Validating Big Data & ML Pipelines: Avoiding Burning the World Down on Accident w/ Apache Spark, Beam, Flink & friends
YOW! 2019 Sydney
As big data jobs move from the proof-of-concept phase into powering real production services, we have to start considering what will happen when everything eventually goes wrong (such as recommending inappropriate products or other decisions taken on bad data). This talk will attempt to convince you that we will all eventually get aboard the failboat (especially with ~40% of respondents automatically deploying their Spark jobs results to production), and it's important to automatically recognize when things have gone wrong so we can stop deployment before we have to update our resumes.

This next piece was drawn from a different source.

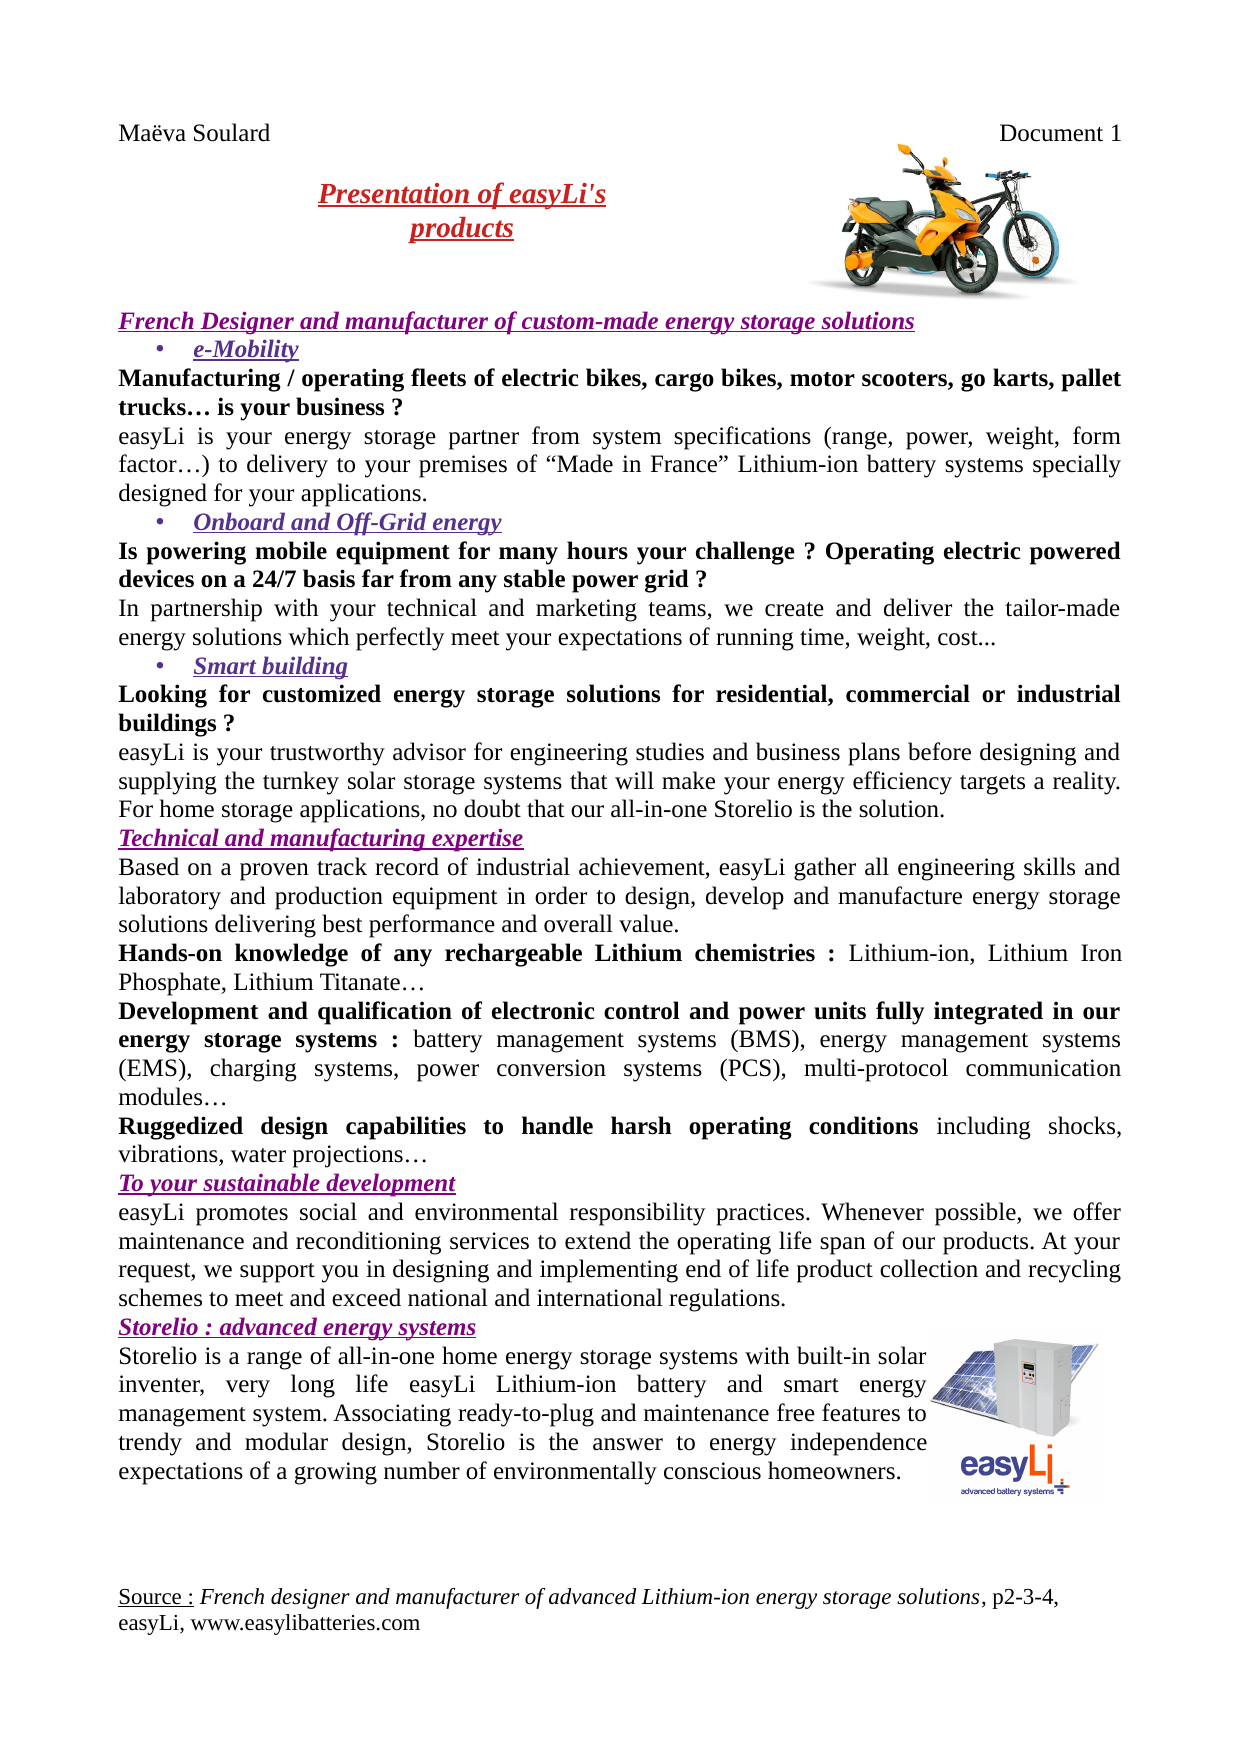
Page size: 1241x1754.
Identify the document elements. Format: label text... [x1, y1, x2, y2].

Figuring out when things have gone terribly wrong is trickier than it first appears since we want to catch the errors before our users notice them (or failing that before CNN notices them). We will explore general techniques for validation, look at responses from people validating big data jobs in production environments, and libraries that can assist us in writing relative validation rules based on historical data.

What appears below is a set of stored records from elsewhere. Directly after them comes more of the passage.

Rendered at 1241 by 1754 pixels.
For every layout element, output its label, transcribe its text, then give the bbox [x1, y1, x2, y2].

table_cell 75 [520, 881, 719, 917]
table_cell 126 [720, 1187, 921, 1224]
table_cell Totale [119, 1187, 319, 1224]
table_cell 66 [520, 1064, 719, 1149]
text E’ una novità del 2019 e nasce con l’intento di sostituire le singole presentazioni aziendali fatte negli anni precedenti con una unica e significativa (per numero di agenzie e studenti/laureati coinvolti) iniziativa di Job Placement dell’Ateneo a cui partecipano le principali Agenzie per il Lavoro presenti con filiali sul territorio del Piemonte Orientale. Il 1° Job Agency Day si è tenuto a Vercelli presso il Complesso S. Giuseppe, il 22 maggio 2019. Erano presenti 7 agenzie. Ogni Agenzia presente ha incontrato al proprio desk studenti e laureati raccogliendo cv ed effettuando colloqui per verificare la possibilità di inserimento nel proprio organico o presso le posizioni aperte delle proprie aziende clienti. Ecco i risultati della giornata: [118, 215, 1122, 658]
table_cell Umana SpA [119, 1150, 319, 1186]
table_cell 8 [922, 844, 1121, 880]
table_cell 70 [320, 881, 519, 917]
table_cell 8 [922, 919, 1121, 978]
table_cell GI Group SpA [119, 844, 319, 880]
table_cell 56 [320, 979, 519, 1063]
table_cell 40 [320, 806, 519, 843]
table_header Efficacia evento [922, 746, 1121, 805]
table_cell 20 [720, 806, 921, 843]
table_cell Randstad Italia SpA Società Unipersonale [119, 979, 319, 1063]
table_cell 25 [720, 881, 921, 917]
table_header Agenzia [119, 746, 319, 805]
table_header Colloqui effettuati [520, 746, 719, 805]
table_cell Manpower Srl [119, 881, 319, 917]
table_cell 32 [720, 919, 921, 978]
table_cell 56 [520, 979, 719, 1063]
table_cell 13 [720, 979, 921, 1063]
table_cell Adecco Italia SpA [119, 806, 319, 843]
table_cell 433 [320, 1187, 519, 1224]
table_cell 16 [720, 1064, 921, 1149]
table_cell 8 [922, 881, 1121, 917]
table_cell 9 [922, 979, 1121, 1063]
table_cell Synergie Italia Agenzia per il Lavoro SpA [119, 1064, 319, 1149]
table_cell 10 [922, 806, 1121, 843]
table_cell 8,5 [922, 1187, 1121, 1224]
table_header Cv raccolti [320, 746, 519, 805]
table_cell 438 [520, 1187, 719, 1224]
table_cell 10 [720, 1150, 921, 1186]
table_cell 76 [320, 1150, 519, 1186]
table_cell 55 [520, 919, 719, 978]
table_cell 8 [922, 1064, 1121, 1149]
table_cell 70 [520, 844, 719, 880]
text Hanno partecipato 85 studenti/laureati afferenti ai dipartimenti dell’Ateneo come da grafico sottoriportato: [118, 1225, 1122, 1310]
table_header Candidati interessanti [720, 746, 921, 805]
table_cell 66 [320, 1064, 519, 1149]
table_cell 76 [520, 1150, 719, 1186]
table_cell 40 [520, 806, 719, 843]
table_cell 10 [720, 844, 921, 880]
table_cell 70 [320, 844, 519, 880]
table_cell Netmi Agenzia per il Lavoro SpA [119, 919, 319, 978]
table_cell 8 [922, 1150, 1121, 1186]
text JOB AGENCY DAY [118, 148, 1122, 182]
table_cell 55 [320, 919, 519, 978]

For folks working in streaming, we will talk about the unique challenges of attempting to validate in a real-time system, and what we can do besides keeping an up-to-date resume on file for when things go wrong. To keep the talk interesting real-world examples (with company names removed) will be presented, as well as several creative-common licensed cat pictures and an adorable panda GIF.
Holden is a transgender Canadian open source developer advocate with a focus on Apache Spark, BEAM, and related "big data" tools. She is the co-author of Learning Spark, High Performance Spark, and another Spark book that's a bit more out of date. She is a committer on and PMC member on Apache Spark and committer on SystemML & Mahout projects. Prior to joining Apple she worked at Google, IBM, Alpine, Databricks, Google (yes again), Foursquare, and Amazon. When not in San Francisco, Holden speaks internationally about different big data technologies (mostly Spark). She was tricked into the world of big data while trying to improve search and recommendation systems and has long since forgotten her original goal. Outside of work she enjoys playing with fire, riding scooters, and dancing.